Uyuşturucu baronu Halil Falyalı’nın Kıbrıs’ta öldürülmesinin ardından, Türk Mukavemet Teşkilatı’nın, şiddet dolu tarihi bir kez daha güncel tartışmanın merkezine yerleşti.
TMT adı, Falyalı’nın yaşarken kendisini “TMT mensubu” olarak tanıtması dolayısıyla gündeme geldi.
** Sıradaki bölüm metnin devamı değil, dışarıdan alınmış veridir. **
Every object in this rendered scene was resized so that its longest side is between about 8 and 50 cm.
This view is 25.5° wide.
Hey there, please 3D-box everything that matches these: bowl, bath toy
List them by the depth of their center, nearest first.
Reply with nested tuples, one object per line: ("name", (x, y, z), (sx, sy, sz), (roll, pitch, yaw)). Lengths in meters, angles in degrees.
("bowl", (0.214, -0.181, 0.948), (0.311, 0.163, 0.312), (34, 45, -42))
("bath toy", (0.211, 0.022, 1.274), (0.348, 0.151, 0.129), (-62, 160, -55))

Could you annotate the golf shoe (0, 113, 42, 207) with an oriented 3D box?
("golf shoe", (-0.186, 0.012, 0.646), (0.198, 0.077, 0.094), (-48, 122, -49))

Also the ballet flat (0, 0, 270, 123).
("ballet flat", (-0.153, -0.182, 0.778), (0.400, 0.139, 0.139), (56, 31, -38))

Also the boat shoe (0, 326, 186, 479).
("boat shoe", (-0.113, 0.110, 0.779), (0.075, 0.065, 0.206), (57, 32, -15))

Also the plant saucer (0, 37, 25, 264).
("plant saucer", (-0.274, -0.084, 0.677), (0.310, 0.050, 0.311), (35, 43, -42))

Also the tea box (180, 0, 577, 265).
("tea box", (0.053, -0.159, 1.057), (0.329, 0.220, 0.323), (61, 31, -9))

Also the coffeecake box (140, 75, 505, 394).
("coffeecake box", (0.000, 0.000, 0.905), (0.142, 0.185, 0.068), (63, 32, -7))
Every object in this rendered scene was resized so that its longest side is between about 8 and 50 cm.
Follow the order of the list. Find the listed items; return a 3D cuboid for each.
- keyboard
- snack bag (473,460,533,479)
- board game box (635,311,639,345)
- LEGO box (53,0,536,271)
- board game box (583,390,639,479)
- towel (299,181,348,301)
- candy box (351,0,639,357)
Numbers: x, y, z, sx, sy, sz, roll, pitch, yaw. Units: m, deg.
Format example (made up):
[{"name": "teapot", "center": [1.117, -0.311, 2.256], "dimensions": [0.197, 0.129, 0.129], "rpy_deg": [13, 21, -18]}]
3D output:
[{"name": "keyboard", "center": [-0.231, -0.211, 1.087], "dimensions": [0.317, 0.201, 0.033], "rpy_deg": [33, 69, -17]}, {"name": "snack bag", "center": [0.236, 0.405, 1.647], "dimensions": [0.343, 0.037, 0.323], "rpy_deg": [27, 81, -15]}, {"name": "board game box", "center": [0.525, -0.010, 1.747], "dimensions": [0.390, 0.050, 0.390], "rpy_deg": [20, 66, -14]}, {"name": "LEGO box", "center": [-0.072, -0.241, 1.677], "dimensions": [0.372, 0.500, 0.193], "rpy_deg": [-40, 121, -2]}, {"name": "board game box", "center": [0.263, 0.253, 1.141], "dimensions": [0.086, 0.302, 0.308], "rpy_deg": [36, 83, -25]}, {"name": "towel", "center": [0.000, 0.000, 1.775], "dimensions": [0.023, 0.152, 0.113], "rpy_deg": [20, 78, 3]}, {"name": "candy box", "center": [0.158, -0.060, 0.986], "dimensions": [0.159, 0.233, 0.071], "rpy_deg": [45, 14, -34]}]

Halk TV programcısı Ayşenur Arslan, konuyu bir konuğuyla tartışırken “TMT’nin yarı-resmi bir örgüt olduğu ve karanlık cinayetleriyle hatırlandığını” dile getirince, statüko ayaklandı.
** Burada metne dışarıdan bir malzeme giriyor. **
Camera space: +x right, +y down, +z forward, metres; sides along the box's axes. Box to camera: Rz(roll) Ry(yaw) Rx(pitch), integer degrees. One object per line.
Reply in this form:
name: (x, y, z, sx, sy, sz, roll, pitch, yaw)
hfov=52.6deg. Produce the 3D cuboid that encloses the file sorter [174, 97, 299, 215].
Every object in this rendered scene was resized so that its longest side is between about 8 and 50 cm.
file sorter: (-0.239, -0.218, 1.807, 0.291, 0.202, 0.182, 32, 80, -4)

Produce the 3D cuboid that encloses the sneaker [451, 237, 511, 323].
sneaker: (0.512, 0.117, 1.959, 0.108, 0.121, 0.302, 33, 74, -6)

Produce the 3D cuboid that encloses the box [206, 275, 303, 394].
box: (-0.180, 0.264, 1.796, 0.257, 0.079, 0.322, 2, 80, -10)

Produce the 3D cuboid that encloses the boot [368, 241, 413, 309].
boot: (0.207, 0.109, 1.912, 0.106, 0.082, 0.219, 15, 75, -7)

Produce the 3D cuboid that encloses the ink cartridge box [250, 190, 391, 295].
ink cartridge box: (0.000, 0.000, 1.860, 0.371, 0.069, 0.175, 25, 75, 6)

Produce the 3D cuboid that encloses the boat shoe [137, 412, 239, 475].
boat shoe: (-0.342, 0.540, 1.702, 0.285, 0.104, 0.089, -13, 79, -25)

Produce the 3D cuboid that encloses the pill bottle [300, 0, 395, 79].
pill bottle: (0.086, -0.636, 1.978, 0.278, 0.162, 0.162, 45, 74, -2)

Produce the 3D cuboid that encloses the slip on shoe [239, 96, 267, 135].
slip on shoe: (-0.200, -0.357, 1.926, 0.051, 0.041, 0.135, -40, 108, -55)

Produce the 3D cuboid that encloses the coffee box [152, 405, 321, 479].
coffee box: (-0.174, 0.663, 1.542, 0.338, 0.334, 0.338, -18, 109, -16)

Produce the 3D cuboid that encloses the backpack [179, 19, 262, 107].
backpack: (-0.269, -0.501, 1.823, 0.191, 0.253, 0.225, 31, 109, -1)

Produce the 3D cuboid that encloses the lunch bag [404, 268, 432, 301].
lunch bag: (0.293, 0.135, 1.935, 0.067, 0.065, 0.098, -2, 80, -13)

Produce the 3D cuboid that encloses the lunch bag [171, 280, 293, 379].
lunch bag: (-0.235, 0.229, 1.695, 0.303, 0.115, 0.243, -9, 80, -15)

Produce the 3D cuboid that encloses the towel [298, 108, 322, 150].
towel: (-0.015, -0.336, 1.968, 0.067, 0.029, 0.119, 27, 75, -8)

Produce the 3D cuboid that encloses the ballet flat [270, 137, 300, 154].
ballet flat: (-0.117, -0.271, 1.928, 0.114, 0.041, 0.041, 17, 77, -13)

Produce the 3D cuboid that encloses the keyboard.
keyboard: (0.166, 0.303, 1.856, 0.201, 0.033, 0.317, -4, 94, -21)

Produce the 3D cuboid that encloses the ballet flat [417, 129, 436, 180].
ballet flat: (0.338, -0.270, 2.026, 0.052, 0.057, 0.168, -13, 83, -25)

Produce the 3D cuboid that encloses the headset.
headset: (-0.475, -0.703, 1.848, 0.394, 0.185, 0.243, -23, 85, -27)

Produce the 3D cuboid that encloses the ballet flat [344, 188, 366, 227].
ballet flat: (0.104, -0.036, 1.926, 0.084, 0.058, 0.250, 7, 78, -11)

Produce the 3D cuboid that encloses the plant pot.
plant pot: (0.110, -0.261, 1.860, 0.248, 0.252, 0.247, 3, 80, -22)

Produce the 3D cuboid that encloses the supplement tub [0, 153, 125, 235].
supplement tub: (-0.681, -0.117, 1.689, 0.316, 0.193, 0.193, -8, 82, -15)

Ayşenur Arslan “hain” ilan edildi, RTÜK Halk TV ile ilgili soruşturma başlattı. Resmiyet dünyası “hepimiz TMT’yiz” diye hep bir ağızdan konuşmaya başlayınca, “Z kuşağı” ister istemez “TMT ne ki? diye soracaktı.
Soruyu yanıtlamayı, Kıbrıs’ta Türkçe yayın yapan internet gazetesi “Gazedda” üstlenmiş. Sözü, hariçten konuşanlar yerine, anne babaları bir kuşak önce TMT ile tanışmış “teşkilat”ın adada yürüttüğü şiddet kampanyalarına muhatap ya da tanık olmuş, kendileri birleşik kıbrıs umudunu terk etmemiş genç gazetecilere bırakıyoruz. Onların tanıdığı ve mirasıyla birlikte yaşamaya yazgılı kaldıkları TMT, resmiyetin TMT’sine pek benzemiyor. Gazedda’dan aktarıyoruz…
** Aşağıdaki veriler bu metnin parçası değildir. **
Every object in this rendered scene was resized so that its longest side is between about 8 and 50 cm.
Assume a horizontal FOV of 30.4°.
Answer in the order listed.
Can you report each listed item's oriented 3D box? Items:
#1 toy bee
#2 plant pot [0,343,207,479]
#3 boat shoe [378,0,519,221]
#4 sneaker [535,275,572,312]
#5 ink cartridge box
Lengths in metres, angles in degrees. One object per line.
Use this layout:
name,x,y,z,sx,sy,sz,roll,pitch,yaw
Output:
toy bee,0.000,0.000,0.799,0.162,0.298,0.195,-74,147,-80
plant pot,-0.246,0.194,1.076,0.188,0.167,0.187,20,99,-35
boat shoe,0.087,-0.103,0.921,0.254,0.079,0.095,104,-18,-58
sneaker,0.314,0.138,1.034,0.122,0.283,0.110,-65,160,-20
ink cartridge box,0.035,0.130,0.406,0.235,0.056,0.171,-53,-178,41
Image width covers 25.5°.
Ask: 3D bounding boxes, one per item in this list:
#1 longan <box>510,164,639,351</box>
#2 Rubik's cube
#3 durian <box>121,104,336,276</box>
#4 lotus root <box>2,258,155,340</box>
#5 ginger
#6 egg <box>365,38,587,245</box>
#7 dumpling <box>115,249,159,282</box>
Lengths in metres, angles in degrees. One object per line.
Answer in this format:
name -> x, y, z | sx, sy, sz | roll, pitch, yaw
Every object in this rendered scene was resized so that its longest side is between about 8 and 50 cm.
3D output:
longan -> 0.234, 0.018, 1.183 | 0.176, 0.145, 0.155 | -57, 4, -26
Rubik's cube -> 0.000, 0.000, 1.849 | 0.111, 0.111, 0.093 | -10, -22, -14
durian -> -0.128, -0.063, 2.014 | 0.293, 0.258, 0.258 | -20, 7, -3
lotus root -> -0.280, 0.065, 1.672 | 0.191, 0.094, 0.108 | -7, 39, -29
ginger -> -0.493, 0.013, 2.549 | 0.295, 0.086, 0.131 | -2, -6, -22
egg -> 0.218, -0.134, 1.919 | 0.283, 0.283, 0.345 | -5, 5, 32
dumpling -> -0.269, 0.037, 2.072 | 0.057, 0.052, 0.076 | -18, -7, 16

1 Ağustos her yıl, Türk Mukavemet Teşkilatı’nın (TMT) kuruluş yıldönümü olarak “kutlanıyor”. Ancak, 1958’in 1 Ağustosu’nda kurulduğu söylenen TMT’nin 1 Ağustos öncesinde gerçekleştirdiği cinayetler ve yayımladığı bildiriler de mevcut.
Örneğin, 22 Mayıs ile 3 Temmuz 1958 tarihlerinde Fazıl Önder, Ahmet Yahya öldürüldü; Ahmet Sadi Erkurt, Abdurrahman Candaş, Mustafa Ali, Hasan Ali, Arif Hulusi Barudi isimli Kıbrıslıtürk muhalifler saldırıya uğradı.
26 Mayıs 1958 tarihli “TMT Merkez Komitesi’ imzalı bildiride, öldürülen Kıbrıslıtürk solcular için “hak ettikleri cezayı buldukları” belirtilirken, 31 Mayıs 1958 tarihli bir başka bildiride ise Ahmet Yahya’nın öldürülmesinden sonra “gerçek Türk olmayan bir hain daha vurucu timlerimiz tarafından yok edilmiştir” denilmiştir.
Araştırmacı Gazeteci Mete Hatay, 2015 yılının Mayıs ayında Havadis’in eki olan Poli Gazetesi’nde TMT’nin 1 Ağustos’ta kurulduğu yalanını, belgeleriyle gösterdi. Bildiriler, Mete Hatay’ın izniyle yayımlanmıştır.
Mete Hatay’ın Poli Dergisi’nde yayımlanan makalesinden bir kesit şöyle:
27-28 Ocak 1958 olaylarında sonra toplumlararası şiddet de tırmanmaya başlamıştı. İngiliz askerlerinin Kıbrıslı eylemcilerin üzerine yürümesi ve çıkan arbedede yedi Kıbrıslı Türk’ün öldürülmesinden sonra, o güne kadar İngilizlerle hareket eden Kıbrıslı Türkler gitmiş yerine ihanete uğramış duygusuyla hareket eden Türkler gelmişti. Artık sorun ancak şiddet yoluyla çözülebilirdi kanısı gittikçe kabul görmeye başlanmıştı. TMT adlı yeni kurulmuş olan yeraltı örgütü kontrolü ele almış ve Türk bölgelerini “temizlemeye” başlamıştı bile. Karışık mahallelerdeki Rum evleri yakılıyor, Belediyelerin ayrılması için çalışmalar yapılıyor, Muhtarlar istifaya zorlanıyor, hayatlar, mekanlar, duygular hızla etnik bir homojenleşme yaşıyordu. İngiliz arşivlerinde rastladığım 4 Nisan 1958 tarihli TMT bildirisi o dönemi özetler niteliktedir.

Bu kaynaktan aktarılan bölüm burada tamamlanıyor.